Where it is believed that someone’s death was unnatural, and this covers all deaths which may have been due to a self-inflicted act, there will always be an inquest. What that inquest will consist of, from how long it will last to what issues the coroner looks at, varies not only on the particular circumstances of the death, but also depending on the individual approach of the coroner presiding over the inquest. 
 
Speak to members of the INQUEST lawyers group and you will get countless examples of the variety in approaches of coroners and worse still the number of examples where the instruction of lawyers by the bereaved family leads to a complete change in approach.
 
The very basic position is that coroners (or juries) have to reach a conclusion (previously known as a verdict) about how a death occurred. This can be anything from a one word answer, to a couple of sentences, to a completed questionnaire.
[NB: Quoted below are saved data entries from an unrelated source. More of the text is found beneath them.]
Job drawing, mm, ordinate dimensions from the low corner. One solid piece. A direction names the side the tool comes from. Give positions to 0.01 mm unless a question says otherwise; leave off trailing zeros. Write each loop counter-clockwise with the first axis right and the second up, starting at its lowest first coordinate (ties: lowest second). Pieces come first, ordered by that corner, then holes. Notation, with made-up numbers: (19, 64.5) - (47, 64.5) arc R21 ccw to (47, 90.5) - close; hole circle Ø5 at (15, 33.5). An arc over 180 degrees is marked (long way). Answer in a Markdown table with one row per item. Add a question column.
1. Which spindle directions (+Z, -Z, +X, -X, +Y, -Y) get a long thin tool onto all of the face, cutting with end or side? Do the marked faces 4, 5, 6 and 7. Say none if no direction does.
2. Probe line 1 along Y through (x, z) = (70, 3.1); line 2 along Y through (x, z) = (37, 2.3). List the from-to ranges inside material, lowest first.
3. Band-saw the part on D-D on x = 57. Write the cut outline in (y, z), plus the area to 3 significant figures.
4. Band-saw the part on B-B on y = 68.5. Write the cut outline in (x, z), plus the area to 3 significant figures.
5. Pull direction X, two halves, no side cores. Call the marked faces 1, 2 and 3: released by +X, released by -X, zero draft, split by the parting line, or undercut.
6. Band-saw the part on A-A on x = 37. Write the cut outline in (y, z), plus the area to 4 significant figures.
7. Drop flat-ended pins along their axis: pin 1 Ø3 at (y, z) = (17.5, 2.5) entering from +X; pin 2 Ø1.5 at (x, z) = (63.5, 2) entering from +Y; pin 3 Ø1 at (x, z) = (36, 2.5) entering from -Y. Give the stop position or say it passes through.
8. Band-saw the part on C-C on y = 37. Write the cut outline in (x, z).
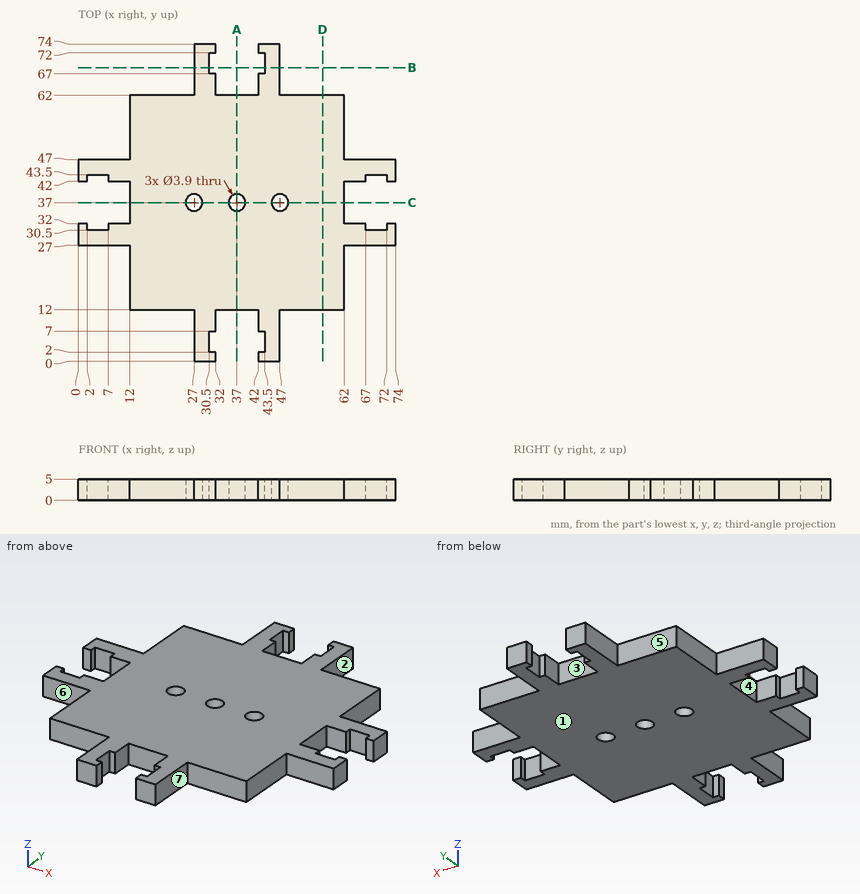
Values:
| question | item | result |
|---|---|---|
| 1 | face 4 | +Z, -Z, -X |
| 1 | face 5 | +Z, -Z, -X, +Y |
| 1 | face 6 | +Z, -Z, -X, -Y |
| 1 | face 7 | +Z, -Z, +X, -Y |
| 2 | line 1 | y = 27 to 30.5, 43.5 to 47 |
| 2 | line 2 | y = 12 to 35.05, 38.95 to 62 |
| 3 | outline | (12, 0) - (62, 0) - (62, 5) - (12, 5) - close |
| 3 | area | 250 mm² |
| 4 | outline | (27, 0) - (30.5, 0) - (30.5, 5) - (27, 5) - close; (43.5, 0) - (47, 0) - (47, 5) - (43.5, 5) - close |
| 4 | area | 35.0 mm² |
| 5 | face 1 | zero draft |
| 5 | face 2 | released by +X |
| 5 | face 3 | undercut |
| 6 | outline | (12, 0) - (35.05, 0) - (35.05, 5) - (12, 5) - close; (38.95, 0) - (62, 0) - (62, 5) - (38.95, 5) - close |
| 6 | area | 230.5 mm² |
| 7 | pin 1 | stops at x = 62 |
| 7 | pin 2 | stops at y = 47 |
| 7 | pin 3 | stops at y = 12 |
| 8 | outline | (12, 0) - (25.05, 0) - (25.05, 5) - (12, 5) - close; (28.95, 0) - (35.05, 0) - (35.05, 5) - (28.95, 5) - close; (38.95, 0) - (45.05, 0) - (45.05, 5) - (38.95, 5) - close; (48.95, 0) - (62, 0) - (62, 5) - (48.95, 5) - close |
from build123d import *

# Parameters (mm, degrees)
LPATTERN1_COUNT          = 7
LPATTERN1_PITCH          = 24
LPATTERN2_COUNT          = 2
LPATTERN2_PITCH          = 24
BOSS_EXTRUDE1_REACH      = 175.781
SKETCH4_W                = 24
SKETCH4_H                = 10
SKETCH5_W                = 10
SKETCH5_H                = 10
BOSS_EXTRUDE2_DEPTH      = 10
CUT_EXTRUDE1_DEPTH       = 10
CHAMFER3_SIZE            = 2
CHAMFER3_OF_MIRROR2_SIZE = 2


with BuildPart() as part:
    # Sketch1 → Revolve1 (revolve)
    with BuildSketch(Plane(origin=(0, 0, 0), x_dir=(0, 0, -1), z_dir=(1, 0, 0))):
        Polygon((-12.875, 5), (-12.875, -5), (-6, -5), (-6, -3), (-10.875, -3), (-10.875, 5), align=None)
    revolve1 = revolve(axis=Axis((0, 27.077205882, 0), (0, -1, 0)))

    # LPattern1: Revolve1 ×7
    with Locations(*[(0, 0, -i * LPATTERN1_PITCH) for i in range(1, LPATTERN1_COUNT)]):
        add(revolve1)

    # LPattern2: Revolve1 ×2
    with Locations(*[(i * LPATTERN2_PITCH, 0, 0) for i in range(1, LPATTERN2_COUNT)]):
        add(revolve1)

    # LPattern2 copy 1 sketch → LPattern2 copy 1 (revolve)
    with BuildSketch(Plane(origin=(24, 0, -24), x_dir=(0, 0, -1), z_dir=(1, 0, 0))):
        Polygon((-12.875, 5), (-12.875, -5), (-6, -5), (-6, -3), (-10.875, -3), (-10.875, 5), align=None)
    revolve(axis=Axis((24, 27.077205882, -24), (0, -1, 0)))

    # LPattern2 copy 2 sketch → LPattern2 copy 2 (revolve)
    with BuildSketch(Plane(origin=(24, 0, -48), x_dir=(0, 0, -1), z_dir=(1, 0, 0))):
        Polygon((-12.875, 5), (-12.875, -5), (-6, -5), (-6, -3), (-10.875, -3), (-10.875, 5), align=None)
    revolve(axis=Axis((24, 27.077205882, -48), (0, -1, 0)))

    # LPattern2 copy 3 sketch → LPattern2 copy 3 (revolve)
    with BuildSketch(Plane(origin=(24, 0, -72), x_dir=(0, 0, -1), z_dir=(1, 0, 0))):
        Polygon((-12.875, 5), (-12.875, -5), (-6, -5), (-6, -3), (-10.875, -3), (-10.875, 5), align=None)
    revolve(axis=Axis((24, 27.077205882, -72), (0, -1, 0)))

    # LPattern2 copy 4 sketch → LPattern2 copy 4 (revolve)
    with BuildSketch(Plane(origin=(24, 0, -96), x_dir=(0, 0, -1), z_dir=(1, 0, 0))):
        Polygon((-12.875, 5), (-12.875, -5), (-6, -5), (-6, -3), (-10.875, -3), (-10.875, 5), align=None)
    revolve(axis=Axis((24, 27.077205882, -96), (0, -1, 0)))

    # LPattern2 copy 5 sketch → LPattern2 copy 5 (revolve)
    with BuildSketch(Plane(origin=(24, 0, -120), x_dir=(0, 0, -1), z_dir=(1, 0, 0))):
        Polygon((-12.875, 5), (-12.875, -5), (-6, -5), (-6, -3), (-10.875, -3), (-10.875, 5), align=None)
    revolve(axis=Axis((24, 27.077205882, -120), (0, -1, 0)))

    # LPattern2 copy 6 sketch → LPattern2 copy 6 (revolve)
    with BuildSketch(Plane(origin=(24, 0, -144), x_dir=(0, 0, -1), z_dir=(1, 0, 0))):
        Polygon((-12.875, 5), (-12.875, -5), (-6, -5), (-6, -3), (-10.875, -3), (-10.875, 5), align=None)
    revolve(axis=Axis((24, 27.077205882, -144), (0, -1, 0)))

    # Sketch4 → Boss-Extrude1 (add, up to next)
    with BuildSketch(Plane.XY.offset(12.875), mode=Mode.PRIVATE) as boss_extrude1_sk1:
        with Locations((12, 0)):
            Rectangle(SKETCH4_W, SKETCH4_H)
    boss_extrude1_tool1 = extrude(boss_extrude1_sk1.sketch, amount=-BOSS_EXTRUDE1_REACH, mode=Mode.PRIVATE) - part.part
    boss_extrude1 = boss_extrude1_tool1.solids().sort_by_distance((12, 0, 12.875))[0]
    add(boss_extrude1)

    # Sketch5 → Boss-Extrude2 (add)
    with BuildSketch(Plane.XY.offset(12.875)):
        with Locations((12, 0)):
            Rectangle(SKETCH5_W, SKETCH5_H)
    boss_extrude2 = extrude(amount=BOSS_EXTRUDE2_DEPTH)

    # Sketch8 → Cut-Extrude1 (cut)
    with BuildSketch(Plane.ZY.offset(-7)):
        Polygon((19.895725942, -3.5), (21.916451884, 0), (19.895725942, 3.5), (15.854274058, 3.5), (13.833548116, 0), (15.854274058, -3.5), align=None)
    cut_extrude1 = extrude(amount=-CUT_EXTRUDE1_DEPTH, mode=Mode.SUBTRACT)

    # Chamfer3
    chamfer3_edges = [part.edges().sort_by_distance(p)[0] for p in [
        (12, -5, 22.875),
        (12, 5, 22.875),
    ]]
    chamfer(chamfer3_edges, length=CHAMFER3_SIZE)

    # Mirror2: Boss-Extrude1, Boss-Extrude2, Cut-Extrude1 across plane
    add(boss_extrude1.mirror(Plane.XY.offset(-72)))
    add(boss_extrude2.mirror(Plane.XY.offset(-72)))
    add(cut_extrude1.mirror(Plane.XY.offset(-72)), mode=Mode.SUBTRACT)

    # Chamfer3 of Mirror2
    chamfer3_of_mirror2_edges = [part.edges().sort_by_distance(p)[0] for p in [
        (12, -5, -166.875),
        (12, 5, -166.875),
    ]]
    chamfer(chamfer3_of_mirror2_edges, length=CHAMFER3_OF_MIRROR2_SIZE)


solid = part.part
The model under review builds one solid part; all positions refer to its coordinate system, in mm. A direction names the side the tool comes from. Coordinates: 2 decimals unless noted, no trailing zeros. Write each loop counter-clockwise with the first axis right and the second up, starting at its lowest first coordinate (ties: lowest second). Pieces come first, ordered by that corner, then holes. Notation, with made-up numbers: (-2, -26.75) -> (37, -26.75) arc R19 ccw to (37, -1.75) -> close; hole circle Ø7 at (64, 2). An arc over 180 degrees is marked (long way). Answer in a Markdown table with one row per item.
1. Clearance check with flat-ended pins moving along their axes: pin 1 Ø2 at (x, y) = (20.5, 0) entering from -Z (3 decimals); pin 2 Ø17.5 at (x, z) = (23.5, -98) entering from +Y; pin 3 Ø5 at (y, z) = (0.5, -33) entering from +X. State where each tip first meets the part, or that it passes through.
Answers below:
| item | result |
|---|---|
| pin 1 | stops at z = -156.875 |
| pin 2 | stops at y = -3 |
| pin 3 | stops at x = 35.11 |
2. For faces 1 (the flat face through (5, -3, -125)), 2 (the flat face through (20, 0, -156.875)), 3 (the cylindrical face through (27.65, -3.99, -28.76)), 4 (the flat face through (11.93, -1.726, -158.83)), list the 3-axis set-ups (+Z, -Z, +X, -X, +Y, -Y) from which the entire face can be reached by the end or side of a thin tool; tool diameter is ignored.
Answers below:
| item | result |
|---|---|
| face 1 | +Y |
| face 2 | -Z, +X, +Y, -Y |
| face 3 | +Y, -Y |
| face 4 | +X, -X |
3. We need section A-A, the plane z = -48. State the section outline as (x, y) points (3 decimals).
Answers below:
| item | result |
|---|---|
| outline | (-12.875, -5) -> (-6, -5) -> (-6, -3) -> (-10.875, -3) -> (-10.875, 5) -> (-12.875, 5) -> close; (6, -5) -> (18, -5) -> (18, -3) -> (13.125, -3) -> (13.125, 5) -> (10.875, 5) -> (10.875, -3) -> (6, -3) -> close; (30, -5) -> (36.875, -5) -> (36.875, 5) -> (34.875, 5) -> (34.875, -3) -> (30, -3) -> close |
4. Draft analysis for pull direction X (two halves, no side actions). For faces 5 (the flat face through (3, 0, -156.875)), 6 (the flat face through (5, -3, -149)), 7 (the cylindrical face through (0, -4, -6)), state which applies: +X half, -X half, draft (parallel to the pull), parting line (faces both ways), or undercut.
Answers below:
| item | result |
|---|---|
| face 5 | draft |
| face 6 | undercut |
| face 7 | undercut |
5. Wall thickness on probe 1 along X at (y, z) = (2, -152); probe 2 along X at (y, z) = (-2, -148.5); probe 3 along X at (y, z) = (-0.75, -62): over which ranges is each line inside the solid? List them lowest first. Write a range as [from, to].
Answers below:
| item | result |
|---|---|
| probe 1 | x = [-10.09, -7.37], [7.37, 16.63], [31.37, 34.09] |
| probe 2 | x = [-12.06, -9.9], [9.9, 14.1], [33.9, 36.06] |
| probe 3 | x = [-8.11, -4.27], [4.27, 8.11], [15.89, 19.73], [28.27, 32.11] |
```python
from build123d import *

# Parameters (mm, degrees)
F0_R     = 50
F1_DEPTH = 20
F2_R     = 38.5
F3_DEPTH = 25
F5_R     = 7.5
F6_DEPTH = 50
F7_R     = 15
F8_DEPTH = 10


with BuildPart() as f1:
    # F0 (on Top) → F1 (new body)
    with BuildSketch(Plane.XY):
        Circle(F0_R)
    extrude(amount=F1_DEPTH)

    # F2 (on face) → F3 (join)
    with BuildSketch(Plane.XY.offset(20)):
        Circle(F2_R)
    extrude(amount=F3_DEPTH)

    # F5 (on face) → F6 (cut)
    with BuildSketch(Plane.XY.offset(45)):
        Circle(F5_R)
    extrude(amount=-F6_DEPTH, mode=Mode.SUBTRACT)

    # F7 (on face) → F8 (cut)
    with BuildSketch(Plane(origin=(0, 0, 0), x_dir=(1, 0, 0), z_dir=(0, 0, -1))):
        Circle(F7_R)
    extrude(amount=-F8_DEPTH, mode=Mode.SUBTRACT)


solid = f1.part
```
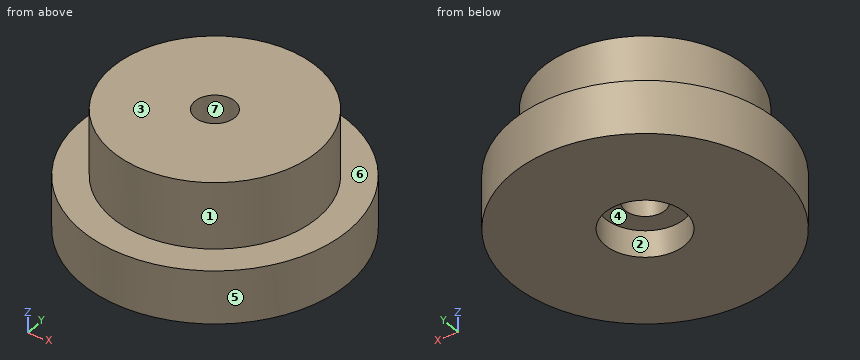
Check sheet for the modelled part. Datum: model origin and axes. Units: mm. Face numbers are marked on the shaded views. A direction names the side the tool comes from. Give positions to 0.01 mm unless a question says otherwise; leave off trailing zeros. Write each loop counter-clockwise with the first axis right and the second up, starting at its lowest first coordinate (ties: lowest second). Pieces come first, ordered by that corner, then holes.
Item 1: Scan lines: L1, parallel to Y at x = 0, z = 19; L2, parallel to Y at x = 0, z = 5; L3, parallel to Z at x = -41.5, y = 1.5. Record each from-to range of solid material in increasing order.
Item 2: Access from +Z, -Z, +X, -X, +Y, -Y to the whole of each face (thin tool, end or side, straight path). Record for the marked faces 1, 2 and 3.
Item 3: Gauge pin test, flat ends, axial feed: pin 1 (1 mm diameter, centred on y = -27.5, z = 40, fed in from +X); pin 2 (2 mm diameter, centred on y = 15, z = 17, fed in from -X); pin 3 (5 mm diameter, centred on x = -7, z = 34.5, fed in from +Y); pin 4 (12 mm diameter, centred on x = 0, y = 0, fed in from +Z) (1 decimal). Record the tip position at first contact, or that the pin passes through.
Item 4: Cross-section at A-A (x = 0). Enter the section's corners in (y, z).
Item 5: Draft check along Y on the marked faces 4, 5, 6 and 7. Enter one of: released by +Y, released by -Y, zero draft, split by the parting line, or undercut.
Item 6: Cross-section at D-D (x = 26). Enter the section's corners in (y, z).
Item 7: Cross-section at C-C (z = 32.5). Enter the section's corners in (x, y), and give its area (3 significant figures).
Report:
1. L1: y = -50 to -7.5, 7.5 to 50
1. L2: y = -50 to -15, 15 to 50
1. L3: z = 0 to 20
2. face 1: +Z
2. face 2: -Z
2. face 3: +Z, +X, -X, +Y, -Y
3. pin 1: stops at x = 27.45
3. pin 2: stops at x = -48
3. pin 3: stops at y = 38.24
3. pin 4: passes through
4. outline: (-50, 0) - (-15, 0) - (-15, 10) - (-7.5, 10) - (-7.5, 45) - (-38.5, 45) - (-38.5, 20) - (-50, 20) - close; (7.5, 10) - (15, 10) - (15, 0) - (50, 0) - (50, 20) - (38.5, 20) - (38.5, 45) - (7.5, 45) - close
5. face 4: undercut
5. face 5: split by the parting line
5. face 6: zero draft
5. face 7: undercut
6. outline: (-42.71, 0) - (42.71, 0) - (42.71, 20) - (28.39, 20) - (28.39, 45) - (-28.39, 45) - (-28.39, 20) - (-42.71, 20) - close
7. outline: circle Ø77 at (0, 0); hole circle Ø15 at (0, 0)
7. area: 4,480 mm2
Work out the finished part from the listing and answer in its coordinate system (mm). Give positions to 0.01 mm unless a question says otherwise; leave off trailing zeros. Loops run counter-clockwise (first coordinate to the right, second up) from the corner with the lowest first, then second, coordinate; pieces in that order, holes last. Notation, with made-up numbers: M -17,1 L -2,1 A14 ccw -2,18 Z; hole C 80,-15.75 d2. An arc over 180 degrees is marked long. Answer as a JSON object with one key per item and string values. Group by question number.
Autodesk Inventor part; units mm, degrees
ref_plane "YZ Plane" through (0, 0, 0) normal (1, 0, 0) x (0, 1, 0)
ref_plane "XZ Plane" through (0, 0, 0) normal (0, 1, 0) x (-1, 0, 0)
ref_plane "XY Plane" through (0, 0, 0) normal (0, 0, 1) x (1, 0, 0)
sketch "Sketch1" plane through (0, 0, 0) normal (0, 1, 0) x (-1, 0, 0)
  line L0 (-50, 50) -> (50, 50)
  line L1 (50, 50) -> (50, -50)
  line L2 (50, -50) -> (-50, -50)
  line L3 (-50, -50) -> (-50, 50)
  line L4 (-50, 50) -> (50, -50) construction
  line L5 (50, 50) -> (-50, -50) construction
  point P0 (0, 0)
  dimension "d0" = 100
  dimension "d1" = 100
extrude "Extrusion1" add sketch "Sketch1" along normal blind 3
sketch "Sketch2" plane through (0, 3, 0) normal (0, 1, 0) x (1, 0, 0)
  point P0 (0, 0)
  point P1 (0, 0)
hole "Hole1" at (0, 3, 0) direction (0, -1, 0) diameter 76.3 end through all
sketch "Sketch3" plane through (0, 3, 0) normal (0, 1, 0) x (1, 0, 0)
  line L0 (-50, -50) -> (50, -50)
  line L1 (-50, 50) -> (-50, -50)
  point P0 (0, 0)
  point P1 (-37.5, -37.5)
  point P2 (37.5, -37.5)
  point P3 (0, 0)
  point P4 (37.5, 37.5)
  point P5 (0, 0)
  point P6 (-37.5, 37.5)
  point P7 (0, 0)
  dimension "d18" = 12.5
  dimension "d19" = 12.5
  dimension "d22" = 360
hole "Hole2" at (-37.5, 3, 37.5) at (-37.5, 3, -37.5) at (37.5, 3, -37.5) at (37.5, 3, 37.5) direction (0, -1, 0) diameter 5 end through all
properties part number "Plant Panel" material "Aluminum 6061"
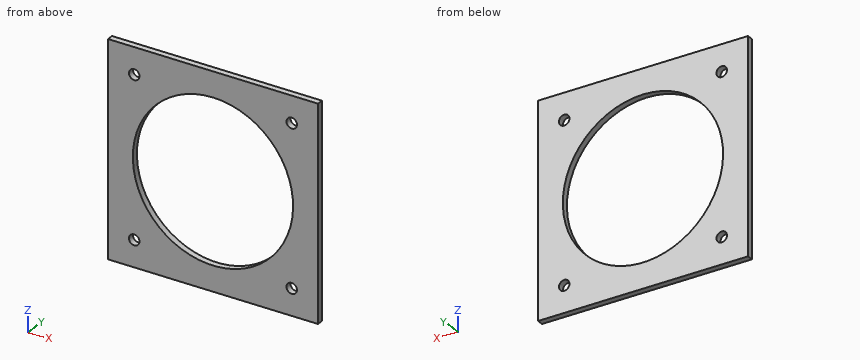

Where a death may have been by way of suicide, the key issues in considering a conclusion are whether the deceased deliberately took the steps which ended their life and whether the deceased had the intention to end their life. 
 
It is in relation to this last difficult task of having to consider the deceased’s mindset that I feel there needs to be greater consideration of the relevance of digital evidence and in particular social media. This is an issue which the family of Molly Russell have been pushing for ahead of Molly’s inquest and have been lucky to be assisted by a coroner who seems to recognise the importance of this information.
 
In another of my cases representing the family of 19-year-old Zoe Watts at the inquest into her death, information about her social media use was not known until after the inquest procedure had already begun. This was not to suggest it would have been the focus of the inquest as the family had their concerns about the standard of Zoe’s care vindicated by the jury, but it did highlight the potential of hidden evidence being held on social media.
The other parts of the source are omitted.